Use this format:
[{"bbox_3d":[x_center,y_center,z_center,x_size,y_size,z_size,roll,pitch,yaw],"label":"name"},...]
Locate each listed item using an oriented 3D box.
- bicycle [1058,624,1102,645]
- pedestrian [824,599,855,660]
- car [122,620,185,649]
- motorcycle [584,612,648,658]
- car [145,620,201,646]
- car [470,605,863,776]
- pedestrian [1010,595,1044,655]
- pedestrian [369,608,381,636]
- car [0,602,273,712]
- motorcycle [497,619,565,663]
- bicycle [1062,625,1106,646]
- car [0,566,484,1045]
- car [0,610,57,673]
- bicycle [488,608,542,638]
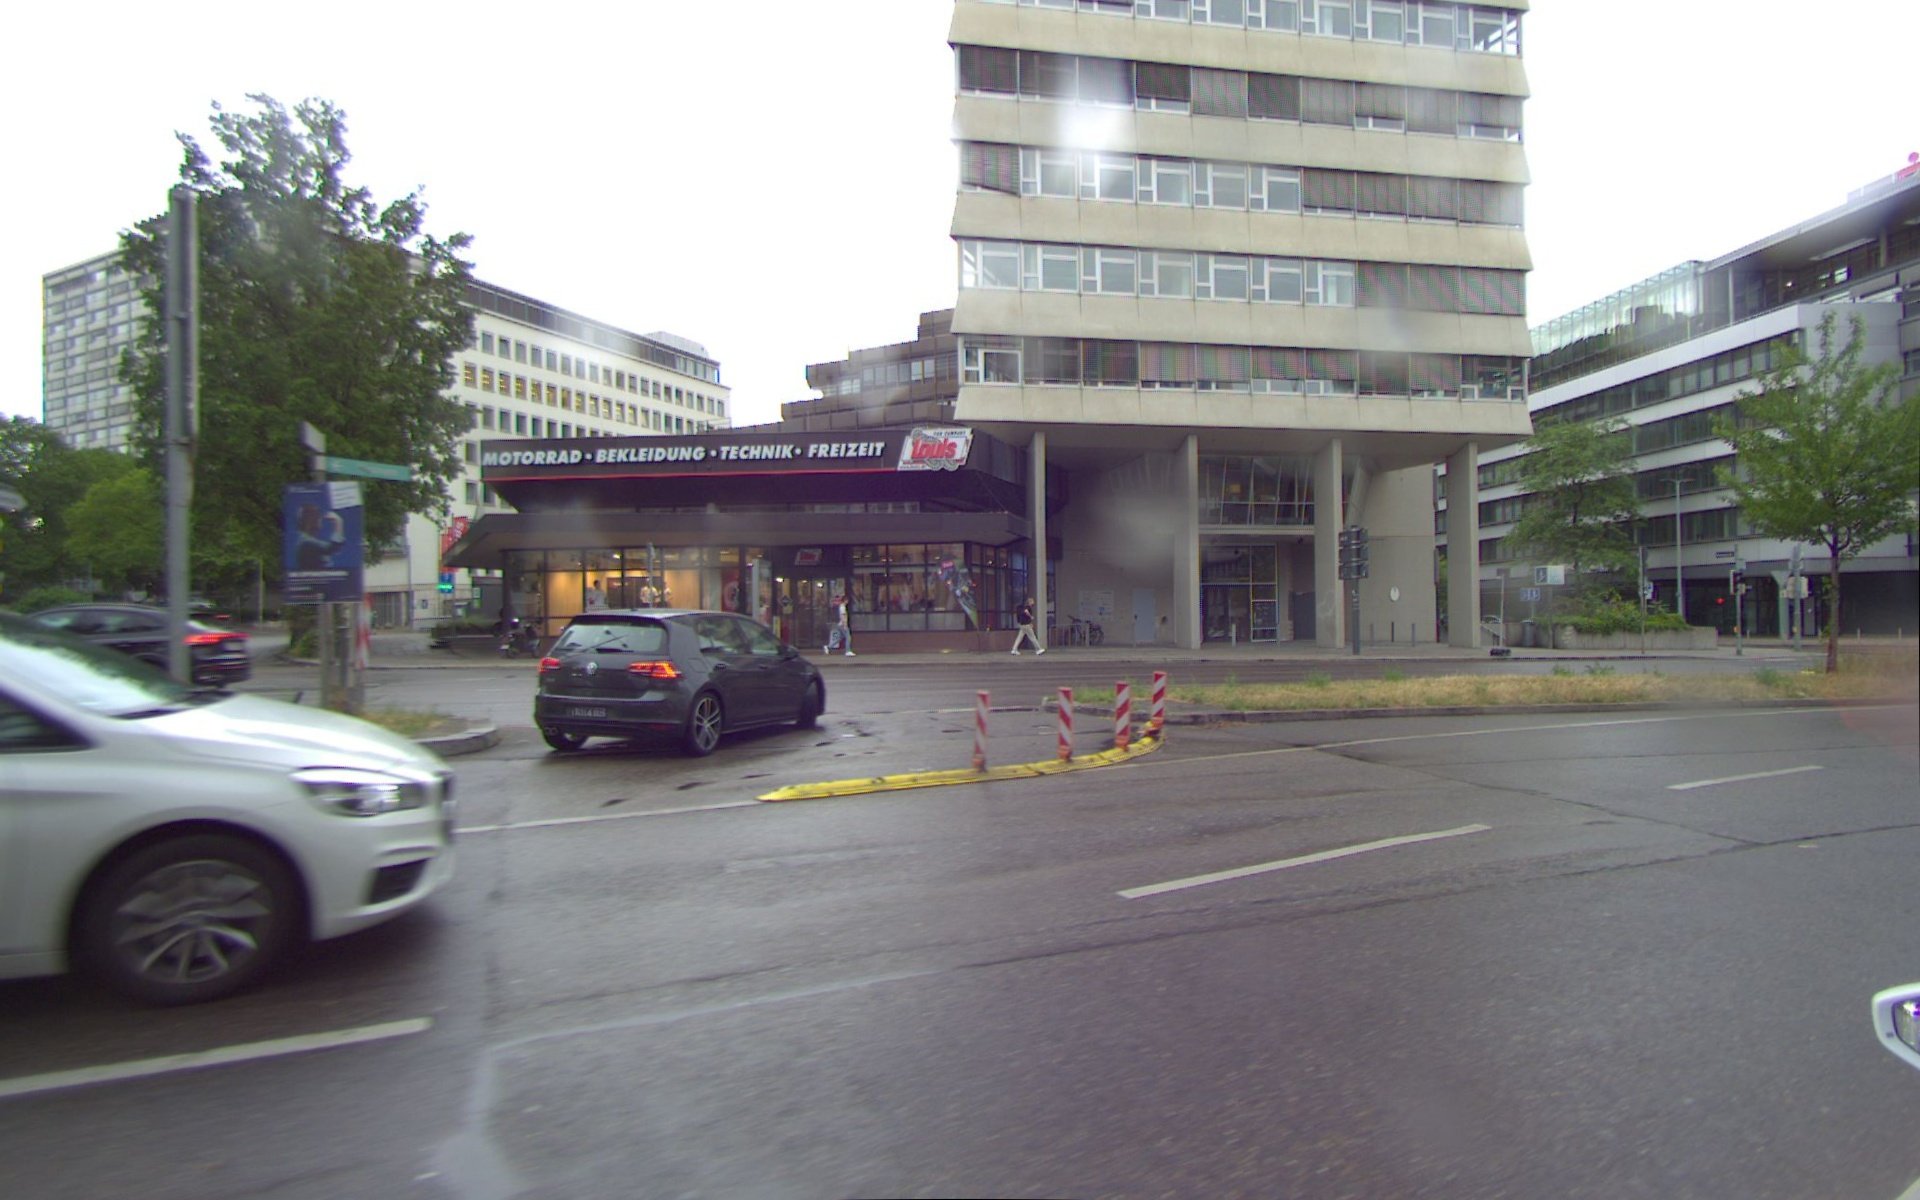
[{"bbox_3d":[4.941,1.430,41.304,1.741,0.823,0.454,1,0,-9],"label":"bicycle"},{"bbox_3d":[-3.742,0.904,31.193,0.908,1.857,0.818,0,-1,-11],"label":"pedestrian"},{"bbox_3d":[-40.365,1.722,50.376,1.825,1.305,3.968,1,0,-30],"label":"car"},{"bbox_3d":[-11.058,1.084,32.386,0.788,1.392,2.894,1,0,6],"label":"motorcycle"},{"bbox_3d":[-43.443,1.808,55.513,1.825,1.305,3.968,1,0,-30],"label":"car"},{"bbox_3d":[-2.890,0.824,11.178,1.808,1.470,4.689,0,-1,19],"label":"car"},{"bbox_3d":[2.111,0.785,31.639,0.908,1.857,0.728,1,-1,-11],"label":"pedestrian"},{"bbox_3d":[-40.689,1.539,69.845,0.721,1.948,0.917,1,0,-30],"label":"pedestrian"},{"bbox_3d":[-13.474,0.825,15.399,4.405,1.564,1.995,0,-1,-13],"label":"car"},{"bbox_3d":[-13.978,1.302,32.825,0.709,1.351,2.822,1,0,7],"label":"motorcycle"},{"bbox_3d":[5.024,1.427,40.718,1.741,0.823,0.454,1,0,-9],"label":"bicycle"},{"bbox_3d":[-4.180,0.688,3.851,4.232,1.594,1.777,1,-1,-27],"label":"car"},{"bbox_3d":[-27.535,1.135,28.574,1.977,1.662,3.967,1,0,-31],"label":"car"},{"bbox_3d":[-20.239,1.042,45.675,2.181,1.345,0.913,1,0,-30],"label":"bicycle"}]

+-------+

#### [What to do]
Set down, unchanged, only those lines above that fall between the line with "- pedestrian [824,599,855,660]" and the line with "- car [0,610,57,673]", the two end lines included.

#### [Reply to the task]
- pedestrian [824,599,855,660]
- car [122,620,185,649]
- motorcycle [584,612,648,658]
- car [145,620,201,646]
- car [470,605,863,776]
- pedestrian [1010,595,1044,655]
- pedestrian [369,608,381,636]
- car [0,602,273,712]
- motorcycle [497,619,565,663]
- bicycle [1062,625,1106,646]
- car [0,566,484,1045]
- car [0,610,57,673]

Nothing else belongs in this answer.